# Required work
Every line that contains the word "nearest" is to be copied from the listing.
-------- Listed entries --------
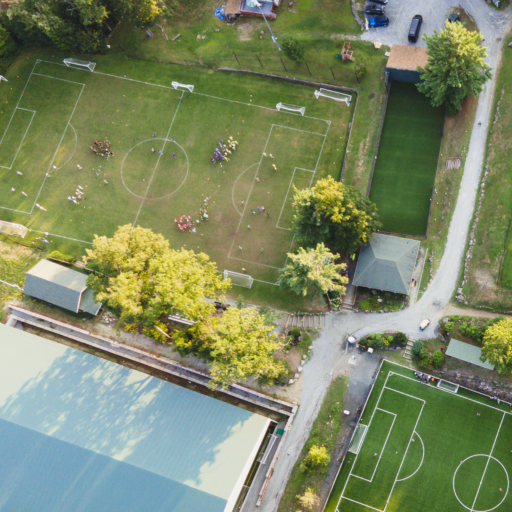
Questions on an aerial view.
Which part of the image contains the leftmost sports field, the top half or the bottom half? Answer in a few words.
top
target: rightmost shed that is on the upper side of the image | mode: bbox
[387,44,428,83]
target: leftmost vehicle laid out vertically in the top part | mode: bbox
[408,15,422,39]
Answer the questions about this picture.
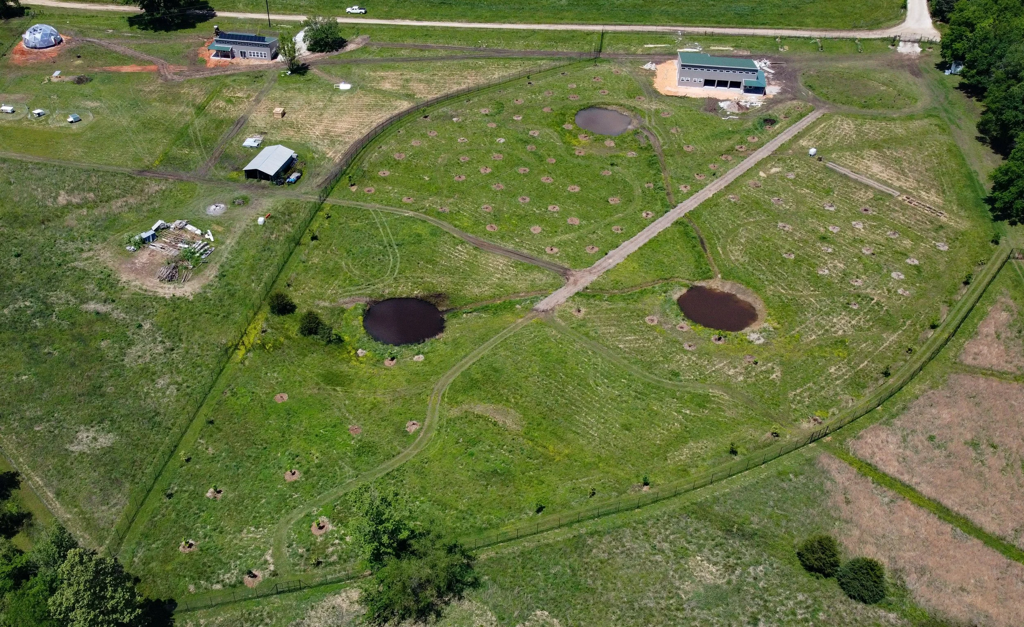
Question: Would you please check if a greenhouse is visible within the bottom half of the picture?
No
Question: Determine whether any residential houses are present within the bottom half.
No
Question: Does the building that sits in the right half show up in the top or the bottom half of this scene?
top
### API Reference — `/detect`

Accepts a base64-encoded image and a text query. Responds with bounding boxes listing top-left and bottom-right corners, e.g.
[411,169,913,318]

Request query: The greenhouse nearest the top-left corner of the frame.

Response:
[21,21,62,49]
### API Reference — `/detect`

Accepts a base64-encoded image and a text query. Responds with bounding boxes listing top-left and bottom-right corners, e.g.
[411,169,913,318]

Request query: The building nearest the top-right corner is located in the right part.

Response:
[677,52,769,95]
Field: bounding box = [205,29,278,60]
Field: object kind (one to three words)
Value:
house
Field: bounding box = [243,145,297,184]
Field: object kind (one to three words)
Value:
barn
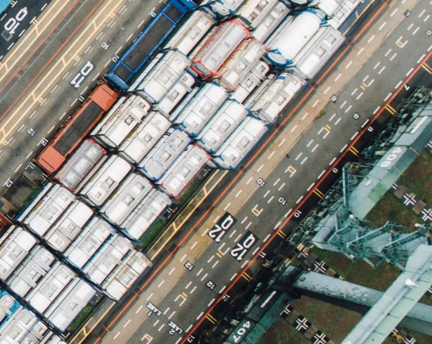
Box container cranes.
[286,65,432,272]
[191,252,432,344]
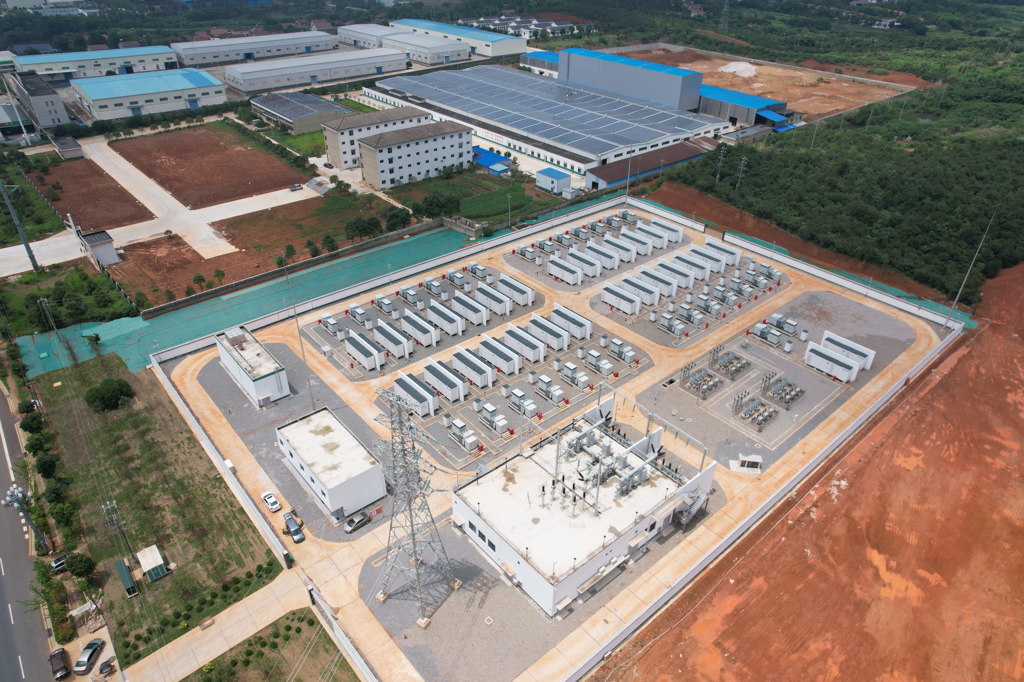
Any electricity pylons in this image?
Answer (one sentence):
Yes, there's an electricity pylon here.
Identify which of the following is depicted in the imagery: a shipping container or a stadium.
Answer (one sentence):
It is a shipping container that can be seen here.
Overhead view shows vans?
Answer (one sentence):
Yes, a van is visible in the scene.
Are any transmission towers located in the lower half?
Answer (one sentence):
Yes, a transmission tower can be seen in the lower half.
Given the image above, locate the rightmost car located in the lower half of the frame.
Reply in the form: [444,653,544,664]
--------
# Answer
Request query: The greenhouse nearest the top-left corner of the frame.
Request query: The building nearest the top-right corner is located in the right part.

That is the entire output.